» Aim of the exercise
Take every line from the entries below that includes the word "right" and copy it.

» Data entries

######

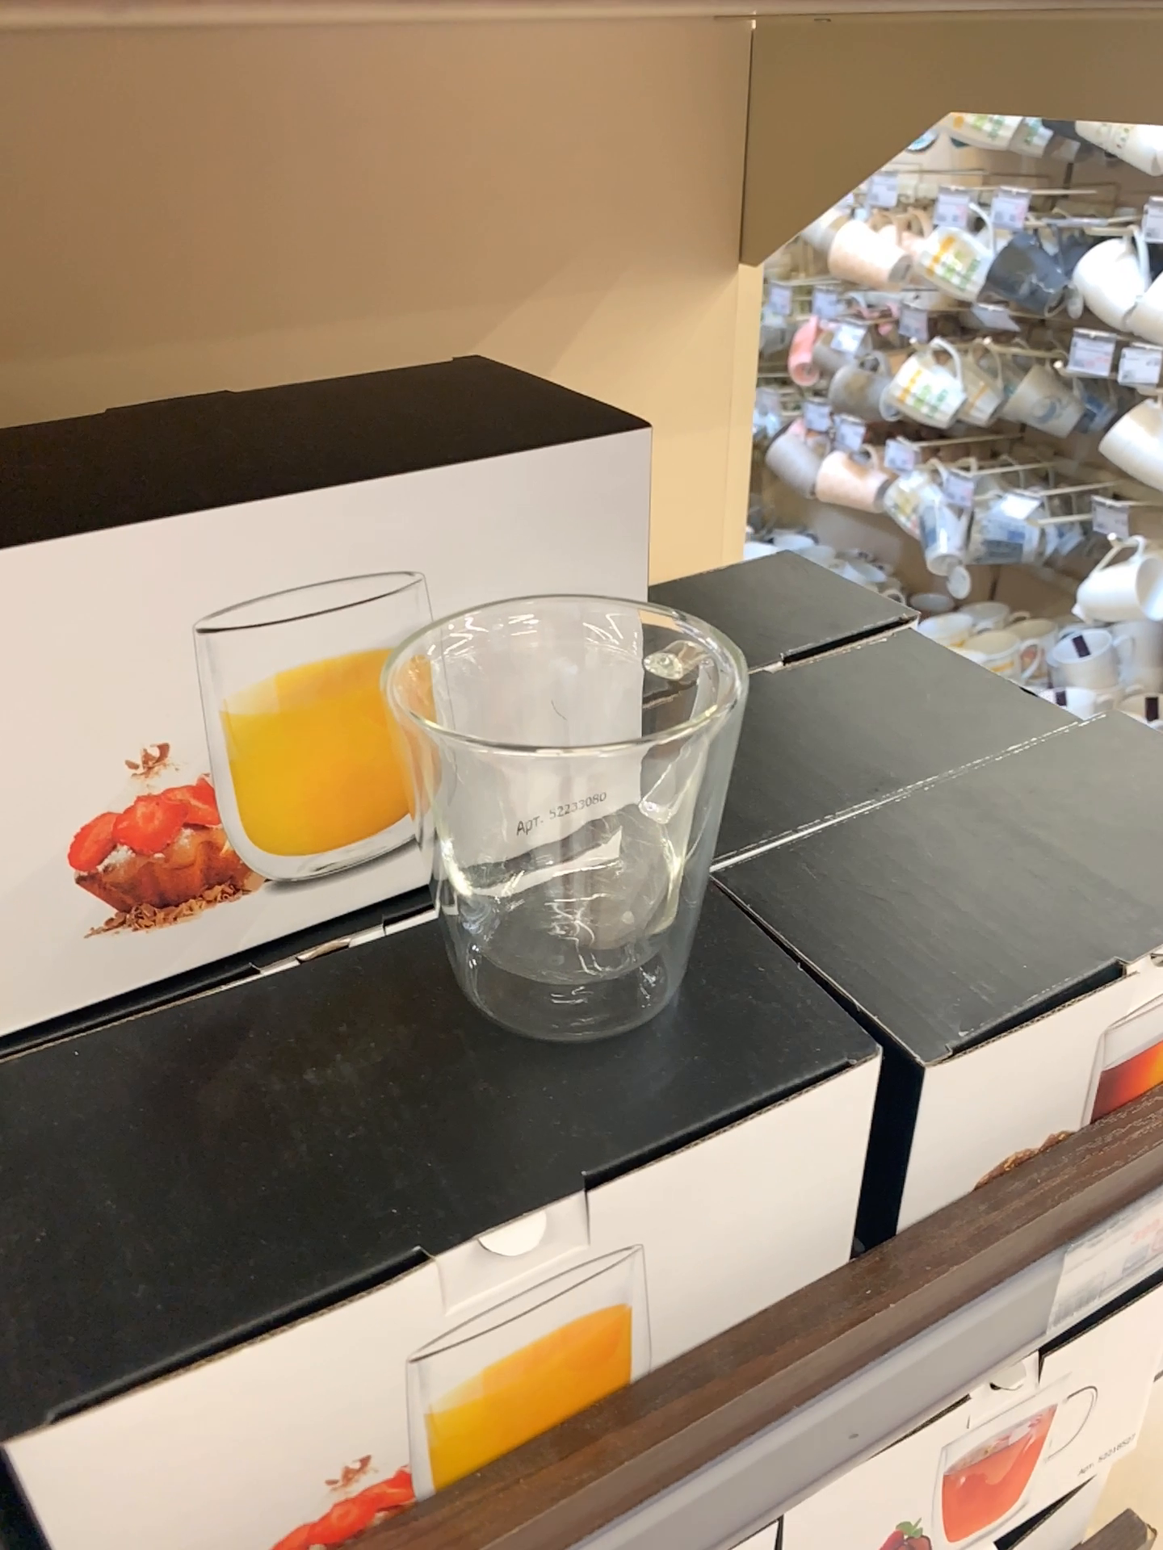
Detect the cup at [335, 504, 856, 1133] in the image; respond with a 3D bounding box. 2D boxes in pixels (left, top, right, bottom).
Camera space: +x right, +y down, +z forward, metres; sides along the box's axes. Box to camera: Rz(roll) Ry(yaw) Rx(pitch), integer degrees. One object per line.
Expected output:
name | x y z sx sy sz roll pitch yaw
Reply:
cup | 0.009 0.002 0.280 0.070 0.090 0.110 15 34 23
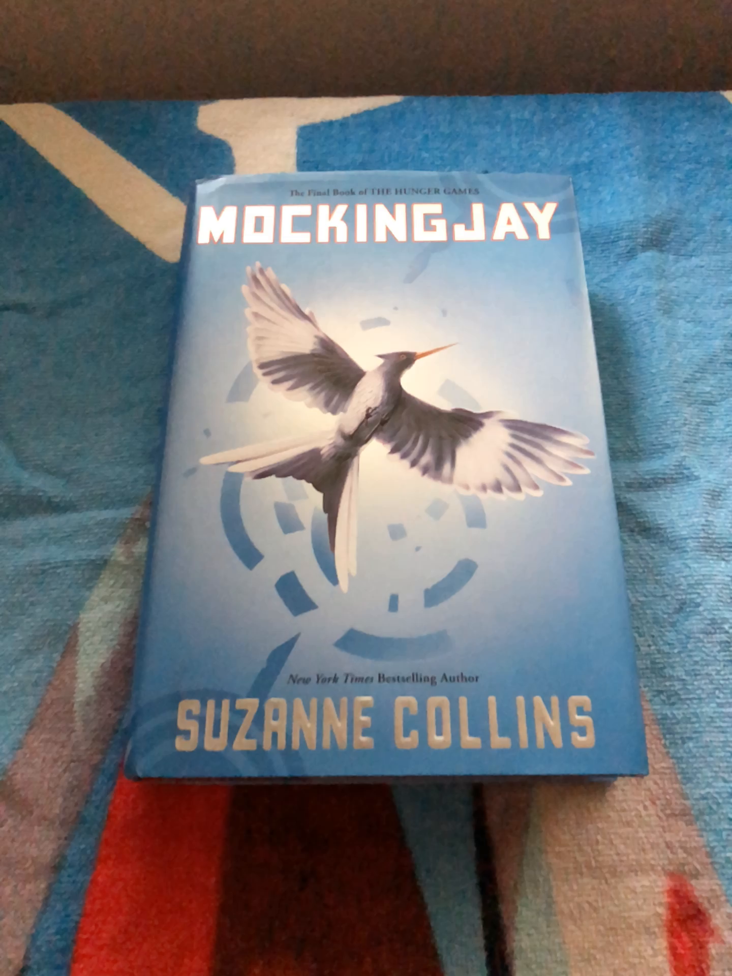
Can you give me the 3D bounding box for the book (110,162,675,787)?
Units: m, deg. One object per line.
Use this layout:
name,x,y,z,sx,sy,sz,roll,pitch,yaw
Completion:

######

» Exercise response
Detect the cup at [335, 504, 856, 1133] in the image; respond with a 3D bounding box. 2D boxes in pixels (left, top, right, bottom).
Camera space: +x right, +y down, +z forward, metres; sides along the box's axes. Box to camera: Rz(roll) Ry(yaw) Rx(pitch), integer degrees. One object per line.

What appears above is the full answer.